- Born: 26 October 1960 Guadalajara, Jal, Mexico
- Died: 23 March 2021 (aged 60) Mexico City
- Employer: TV Azteca
- Known for: President and CEO of DT Consulting; Former President of Programming and Content for Univision; former vice president of programming at Televisa

= Alberto Ciurana =

Mexican television executive (1960–2021)

Alberto Ciurana (26 October 1960 – 23 March 2021) was a Mexican television executive who worked as Chief Content & Distribution officer of TV Azteca. Previously, Ciurana served as President of Programming and Content for Univision Networks, where he oversaw programming for the entertainment broadcast and cable networks of Univision Communications Inc. Ciurana moved to Univision after working as VP of programming for Televisa for 15 years and was part of a steady expansion of Televisa influence at Univision that builds on the partnership struck among them in October 2010.

Alberto Ciurana served as the President of Programming and Content at Univision from November 2012 until February 2016. Before working with Univision he was Vice President of Programming at Televisa, of Broadcasting, and of Operations. Alberto Ciurana was a part of a team that was responsible for the launch of Teleton Mexico. Before any of these roles, he was helping expand the Televisa brand around the world, while in London with the responsibility for Eurovisa. Prior to the beginning of his television career, he was working as a Director of Social Communications for Guanajuato, Mexico. Since 2013, Alberto Ciurana has been a Director of the National Association of Television Program Executives. He has also won recognition and numerous awards for his leadership in Spanish-language media in his more than three decades at Televisa.

== Early life ==
Before beginning his career as a television executive, Ciurana served as Director of Social Communications for the state of Guanajuato, Mexico.

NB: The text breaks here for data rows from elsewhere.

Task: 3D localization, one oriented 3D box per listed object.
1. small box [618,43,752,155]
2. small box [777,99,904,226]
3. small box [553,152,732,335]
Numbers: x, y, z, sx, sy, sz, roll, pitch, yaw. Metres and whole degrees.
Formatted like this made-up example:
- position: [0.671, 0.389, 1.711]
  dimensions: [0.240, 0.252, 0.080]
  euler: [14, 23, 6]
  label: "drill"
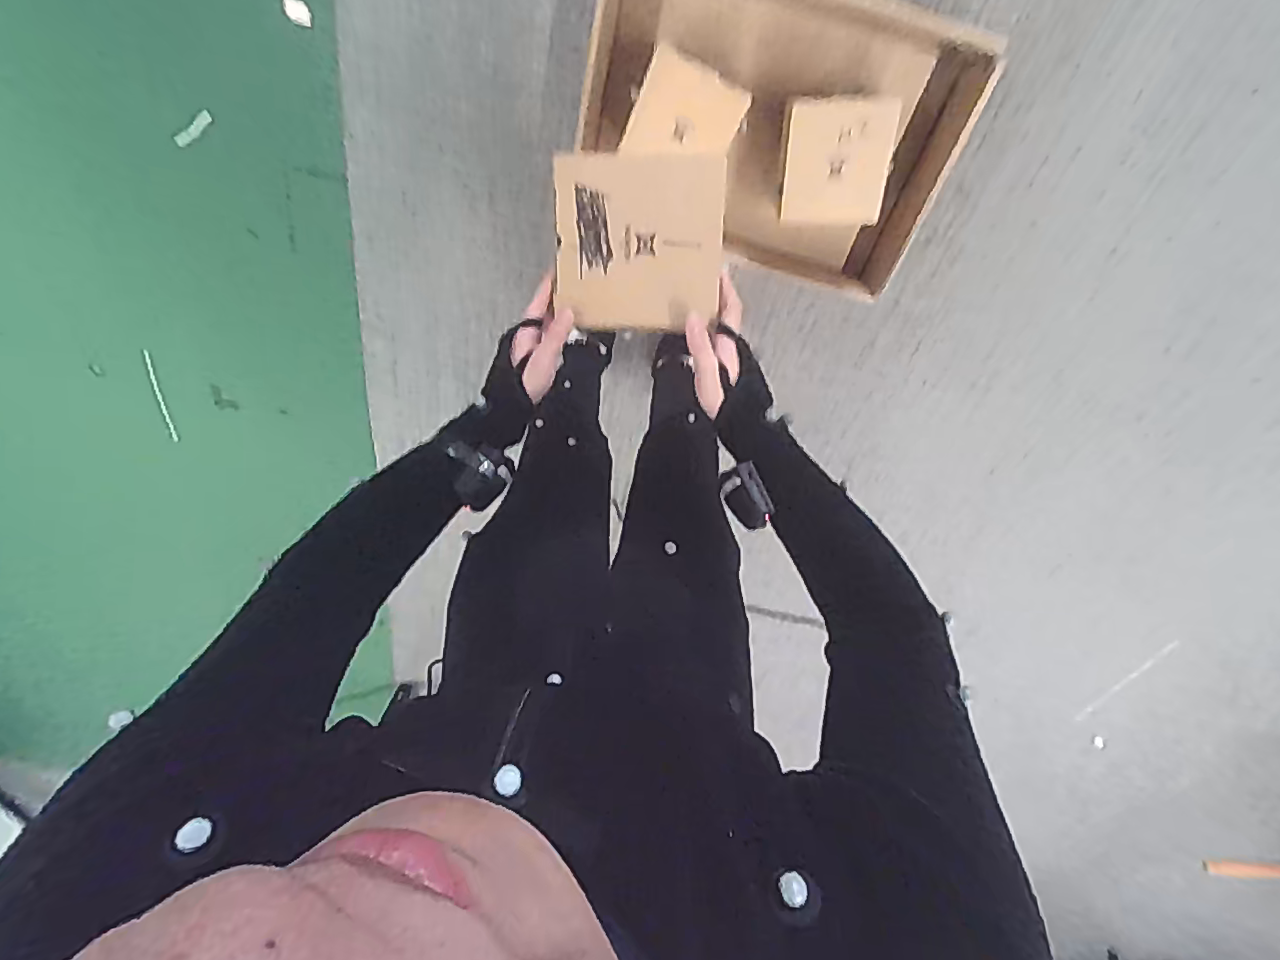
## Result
- position: [0.079, -0.614, 0.943]
  dimensions: [0.168, 0.176, 0.179]
  euler: [25, 124, -9]
  label: "small box"
- position: [0.335, -0.555, 0.942]
  dimensions: [0.168, 0.176, 0.179]
  euler: [4, 126, 7]
  label: "small box"
- position: [0.005, -0.256, 0.620]
  dimensions: [0.179, 0.176, 0.168]
  euler: [2, 104, 3]
  label: "small box"

At 18 years old, Ciurana began his career when he started to work on a program, Siempre en Domingo, with Raul Velasco. He then left the program at 24 years old and moved to the United States of America. When he moved to the United States he was in charge of the vice presidency of what is now known as Univision.

== Career ==

===Televisa===

Before joining Univision Ciurana worked for Televisa as vice president of Broadcasting and vice president of International Operations and was later appointed as VP of programming, leading their networks to record ratings. During this time, Ciurana was also part of the team responsible for launching Teletón México, an annual telethon dedicated to helping children with disabilities, cancer and autism that has built more than 20 children's rehabilitation centers in 18 states in Mexico. Prior to these roles, he oversaw international operations at Televisa, in charge of Eurovisa and expanding the Televisa brand and reach around the world, based out of London.

===Univision===

In September 2012, Ciurana was appointed head of Programming for Univision Networks, shortly after Ciurana took over, Univision saw significant ratings milestones. In the February sweeps, the network came in fourth place for the first time with adult demographics while NBC came in fifth. In the July sweeps, Univision came in as the No. 1 network among both Adults 18-49 and 18-34 for the first time, setting an unprecedented milestone
– during a time when other networks "invested more than ever in summer programming" according to CEO Randy Falco.

In 1986, Ciurana served as vice president of production at the Spanish International Network which became Univision in 1987.

Univision had made claims of Donald Trump, president of the United States, to be "thinned-skin" after Trump's comments about Mexican immigrants. Trump had made claims about Mexican immigrants stating "They're bringing drugs. They're bringing crime. They're rapists. And some, I assume, are good people". Trump had tainted the image of Mexican immigrants with his words to further gain support for his run for election from Republicans. On 25 June 2015, Ciurana tweeted out "Por los comentarios de Donald Trump de los inmigrantes mexicanos terminamos relación con Miss Universe Org." As a result, Univision had terminated a five-year, $13.5 million deal to broadcast the Miss USA Pageant. Univision believes that after such words he had "destroyed the value of those broadcast rights, and neither Trump nor Miss Universe did anything to repair the damage in the aftermath of his speech." Ciurana expressed his feelings on the topic by making an Instagram post where he put a side-to-side of Trump and the Charleston, South Carolina, shooter Dylann Roof. The post was later taken down but had stirred up a lot of suspicion of Univision conspiring with NBC to deteriorate Trump's "personal and business relationship with the Hispanic community".

===TV Azteca===

In October 2017, Alberto Ciurana became a new member of TV Azteca. He has become the new head of television and content distribution of TV Azteca. According to the firm led by Benjamin Salinas Sada, "Ciurana will bring international experience, vocation, and leadership to turn the company into a more agile organization that responds to the new challenges of the sector and consolidates the successes achieved in recent years." Alberto Ciurana will be the one who will be in charge of programming, operating, and producing the television channels for TV Azteca.

== Death ==
Alberto Ciurana died from COVID-19 on 23 March 2021, during the COVID-19 pandemic in Mexico.

== Organizations ==
In 2013, Ciurana was appointed a board member of NATPE. He served on the board of Fundación Teletón USA.